La discussione tra le maggiori forze politiche italiane si va strutturando secondo il primo schema.

Lo si vede soprattutto dalla convergenza tra M5S e PD che condannano l’aggressione unilaterale di Usa e Israele (come hanno condannato quella russa contro l’Ucraina); ma mentre chiedono la de-escalation in Medio Oriente, ritengono che le sanzioni verso la Russia vadano mantenute. L’elemento unificante sarebbe il mancato rispetto del diritto internazionale in entrambi i casi. Anche il caso del Venezuela ricorre con la stessa argomentazione, anche se si ripete ad ogni occasione, sia per il Venezuela che per l’Iran, che nessuno rimpiange i due atroci dittatori, uno in prigione a New York, l’altro scomparso insieme a gran parte della famiglia e dei suoi dignitari sotto il bombardamento a Teheran.

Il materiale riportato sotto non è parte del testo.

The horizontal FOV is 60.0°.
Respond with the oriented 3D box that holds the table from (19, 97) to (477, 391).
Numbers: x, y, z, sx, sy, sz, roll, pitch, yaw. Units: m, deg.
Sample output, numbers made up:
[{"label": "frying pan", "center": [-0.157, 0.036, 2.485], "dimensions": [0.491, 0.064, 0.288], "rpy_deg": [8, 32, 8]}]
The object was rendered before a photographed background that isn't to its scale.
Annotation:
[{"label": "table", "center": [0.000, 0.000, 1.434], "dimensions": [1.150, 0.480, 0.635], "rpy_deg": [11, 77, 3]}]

L’argomento è interessante perché vuol dire che il mancato rispetto del diritto internazionale ha tuttavia consentito un esito auspicato per anni dagli stessi, i quali si oppongono non all’esito, ma solo al metodo utilizzato: poco elegante.

Considerazione che invece vale solo parzialmente per Israele, il cui presidente Herzog fu anzi accolto, in pieno genocidio dei palestinesi, in visita ufficiale da Mattarella a Roma; i cui militari hanno soggiornato durante l’estate in diverse località balneari in Italia; i cui rappresentanti continuano a frotte a visitare le istituzioni comunitarie a Bruxelles nella loro instancabile opera di lobbing, ecc.

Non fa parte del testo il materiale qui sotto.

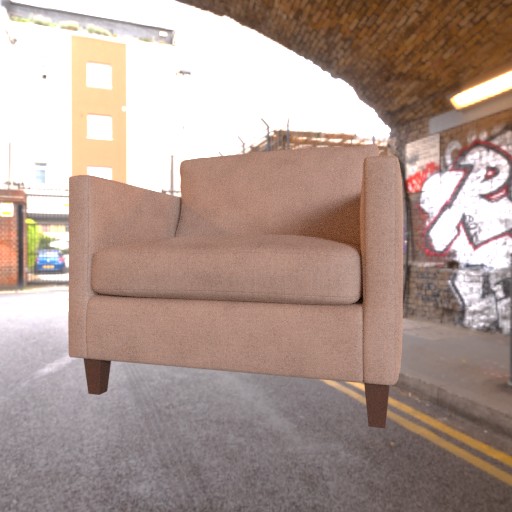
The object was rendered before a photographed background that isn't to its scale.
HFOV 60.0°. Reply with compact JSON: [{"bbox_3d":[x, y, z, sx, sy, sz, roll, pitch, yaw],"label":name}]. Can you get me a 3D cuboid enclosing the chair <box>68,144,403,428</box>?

Oggi ha invece destato scalpore il fatto che il viceministro degli Esteri Cirielli abbia incontrato l’ambasciatore russo in Italia Alexey Paramonov, lo scorso mese alla Farnesina e sono state presentate interrogazioni al riguardo per conoscerne il motivo. Non era accaduto lo stesso per il caso di cui sopra, né alcun oppositore si era scandalizzato per la ricorrente presenza dell’ambasciatore di Israele in tutti i talk show di tutte le reti nazionali nei tre anni di aggressione a Gaza. Ovviamente nessuna interrogazione è prevedibile per il via vai di personaggi dell’amministrazione Trump che frequentano ogni settimana il nostro paese, ultimo, tra i maggiori e i peggiori, il filosofo-imprenditore Thiel (quello di Palantir) a Roma, latore di tesi che legittimano pienamente la sostituzione del diritto internazionale con il diritto della forza.

Gli esempio potrebbero essere tanti, ma bastano questi per azzardare la possibilità che l’accelerazione della discussione sulla guerra in medio oriente, sia legata, più che al diritto internazionale, all’imminente esito del voto referendario, rispetto al quale si potrebbero aprire scenari fino a poco tempo fa ritenuti improbabili: la possibilità di una vittoria del NO alla riforma costituzionale sulla magistratura di Nordio, può far traballare il governo, al di là delle assicurazione della Meloni di voler comunque giungere a fine legislatura.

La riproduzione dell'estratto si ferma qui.